Geezum crow, kid, don't start slaughtering innocent pregnant women with
your ignorant quackery, especially since you don't even know where you're
going!  An implanted embryo or fetus generally resides in the uterus, not
the fallopian tubes.  A tubal pregnancy (not exactly rare, but not very
common) would require REAL surgery, and would not be considered an
abortion.  

And lest you find out that a primary method of first trimester abortion is
a type of vacuum method, I'd like to mention that PLENTY women died trying
to use a vacuum cleaner for an abortion when it sucked the uterus out of
the abdominal cavity.

-- jamie (jwalsh@cc6.bbn.com
         !harvard!bbn!jwalsh)
"There's a seeker born every minute."

A waste is a terrible thing to mind.  -- The Treatment

larry@pdn.UUCP (Larry Swift) (01/13/89)

In article <4555@cs.utexas.edu> turpin@cs.utexas.edu (Russell Turpin) writes:
>In article <13433@cup.portal.com>, mmm@cup.portal.com (Mark Robert Thorson) writes:
>> For example, I can get 12-gauge, solid-core copper wire with Teflon 
>> insulation ... I'll bet I could shove it all the way up a woman's 
>> Fallopian tubes without danger of infection, if had some way of 
>> knowing where it was going.
>
>The larger problem here is not the tools, but the skills
>required.  You are not qualified to practice medicine.  That
>perfectly sterile wire of yours will nevertheless cause infection
>and perhaps death if you break through the uterine wall.  You
>certainly don't want to try pushing it through the Fallopian
>tubes!  Do yourself and any women who would be foolish enough to
>risk this a favor: forget it, don't even think about doing this. 

Obviously people ARE going to think about it, and DO it.  I'm sure,
however, that Mark was making a tongue-in-cheek comment to the same
point.  And very nicely done, too. 

Larry Swift                     UUCP: {peora,uunet}!pdn!larry
Paradyne Corp., LG-129          Phone: (813) 530-8605
P. O. Box 2826
Largo, FL, 34649-9981           She's old and she's creaky, but she holds!

mmm@cup.portal.com (Mark Robert Thorson) (01/20/89)

On the CBS Morning show (1/19), surgeon-general C. Everett Koop was asked
about the consequences of overturning Roe vs. Wade, the judicial decision
which is the basis of legal abortion in the United States.
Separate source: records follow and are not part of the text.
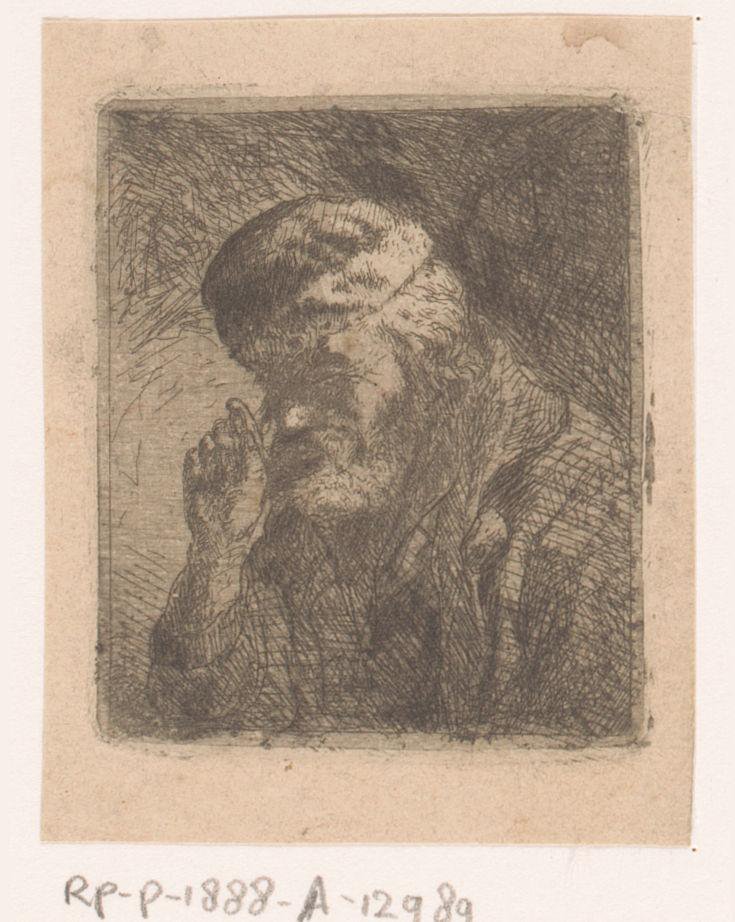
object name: print
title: Oude man met hand bij zijn neus
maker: florent nicolas crabeels
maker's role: print maker
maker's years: 1829-1896
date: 1839-1879
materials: paper
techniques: drypoint, etching
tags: old man
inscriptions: collector's mark: Lugt 2228
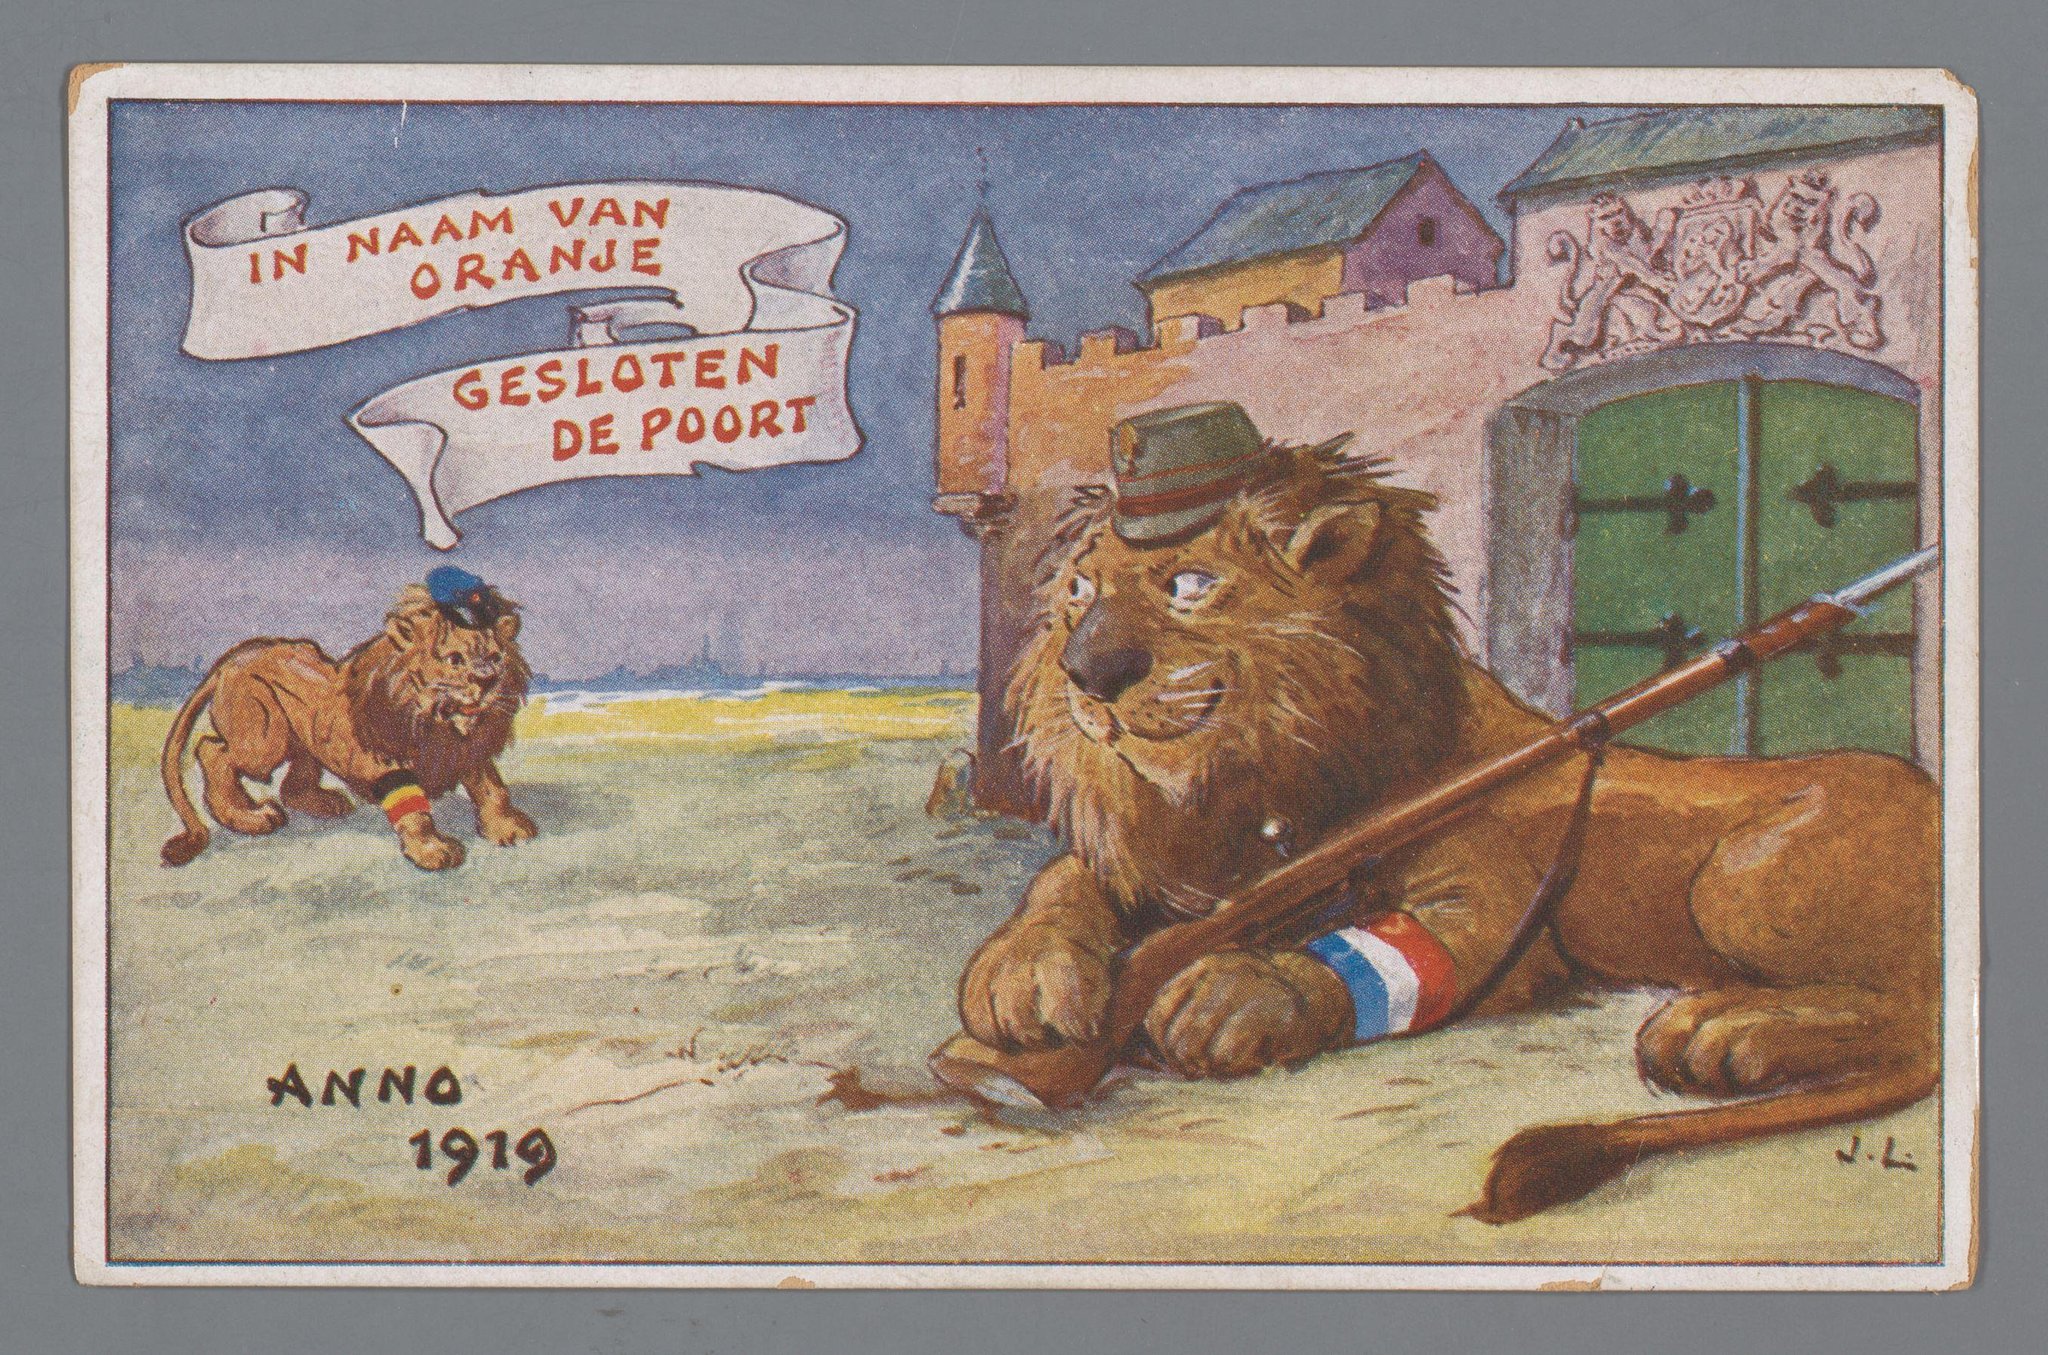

Koop said that before abortion was considered legal, the most number of
women to die of "back-alley" abortions during one year was 373.  He said
the campaign in favor of abortion have quoted numbers up to a hundredfold
greater.  He said he expects that if Roe vs. Wade were overturned, which
would let the states create their own abortion laws, the annual mortality
due to "back-alley" abortions would be about 50.  He said "improved
techniques" would result in the lower number.

I wonder what he meant by "improved techniques"?  He might mean that there is
now a large body of medical professionals experienced in abortion procedures,
which did not exist before Roe vs. Wade.  He might mean new technological
breakthroughs, such as the RU486 abortion pill might be used to perform
some illegal abortions.  He might mean that improvements can be expected
in the amateur procedures used prior to Roe vs. Wade.

A related question:  are there any traditional, native cultures who practice
any form of abortion?

By the way, Koop's term of office runs for another ten months.